The cause(s) of the Accident was unknown notwithstanding investigation have been done by the Labour Department, the Electrical and Mechanical Services Department, Town Gas and the 2nd Defendant. No defect or abnormality of the gas appliance in question could be observed, and the cause of the Accident could not be ascertained or identified. The Plaintiff relied on and pleaded the common law doctrine of res ipsa loquitur, literally meaning the thing speaks for itself, to establish negligence on the 1st and 2nd Defendants’ part. In essence, the doctrine of res ipsa loquitur is a rule that infers negligence from the very nature of an accident or injury, in the absence of direct evidence that the defendants have been negligent. Both Defendants denied the application of such a doctrine. 2
The Plaintiff employed an expert after the Accident to give opinion on the issue of liability. The expert could not identify a clear cause but he made two postulations on causation (“Expert Report”). One was the accumulation of un-burnt gas in the combustion chamber; the other was “incomplete closure of the safety gas valve controlled by the flame detector”. Subsequently, the Plaintiff applied for leave to adduce the Expert Report which application was dismissed by a High Court Master who rejected the two postulations as being implausible, among other reasons of refusal. The Plaintiff then appealed against the refusal to grant leave.
Leave to Adduce Expert Evidence
The Honourable Mr. Justice Bharwaney presiding the interlocutory appeal, held that in the case, since all accident reports could not identify the cause of the accident, and without the assistance of expert evidence, the Court would have no choice but to conclude that the Plaintiff had failed to prove his case against the Defendants. Thus, to deny the Plaintiff’s application to adduce the Expert Report would cause injustice unless the Export Report was totally devoid of merits and probative value and should be rejected at the outset (which was not so in the case).

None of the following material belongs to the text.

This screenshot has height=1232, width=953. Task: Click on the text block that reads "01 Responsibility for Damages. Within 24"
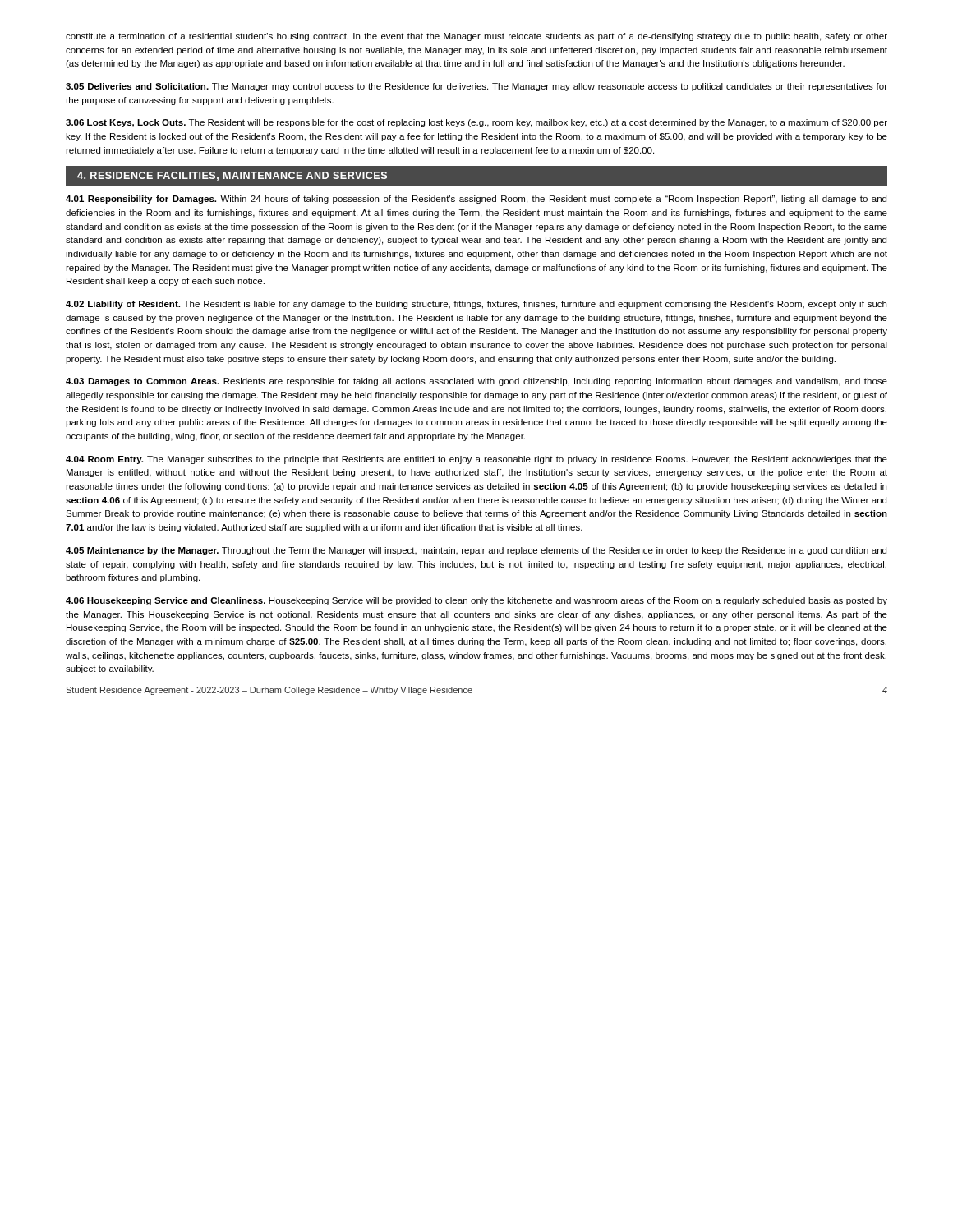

Citing the case of Fung Chun Man v Hospital Authority HCPI 1113/2006, The Honourable Mr. Justice Bharwaney summarized the Court’s position on the admissibility of expert evidence, that it must firstly be in a recognized discipline, reasonably required to enable the Court to resolve the issues in dispute, and proportionate. Therefore, although the explanations on the cause(s) of the Accident in the Expert Report were considered implausible by the Master, potential implausibility did not provide the basis for refusal to grant leave to adduce the Expert Report. At the end of the day, it is the trial judge who would decide whether to accept the expert evidence.
Secondly, in medical negligence cases and some complex industrial accident cases, single expert report can be adduced without leave. Thirdly, since joint expert reports could deprive parties of private consultation with experts, in his earlier case of Tang Tak Ping v Kai Shing Construction Co HCPI 539/2011, he ruled that only in exceptional cases would there be joint liability expert report. But in this case, the learned Judge reviewed himself and held that “a case need not be exceptional for a joint approach to be adopted. Likewise, a case need not be exceptional for a party to apply for leave of court before engaging his expert on liability.” Fourthly, he advocated early application for experts on liability in order to iron out matters on who that expert might be, what issues would be required for the expert to look into and whether separate experts are called for. 3
The Court was satisfied that this was a proper case to grant leave to the Plaintiff to adduce the Expert Report and the appeal was allowed.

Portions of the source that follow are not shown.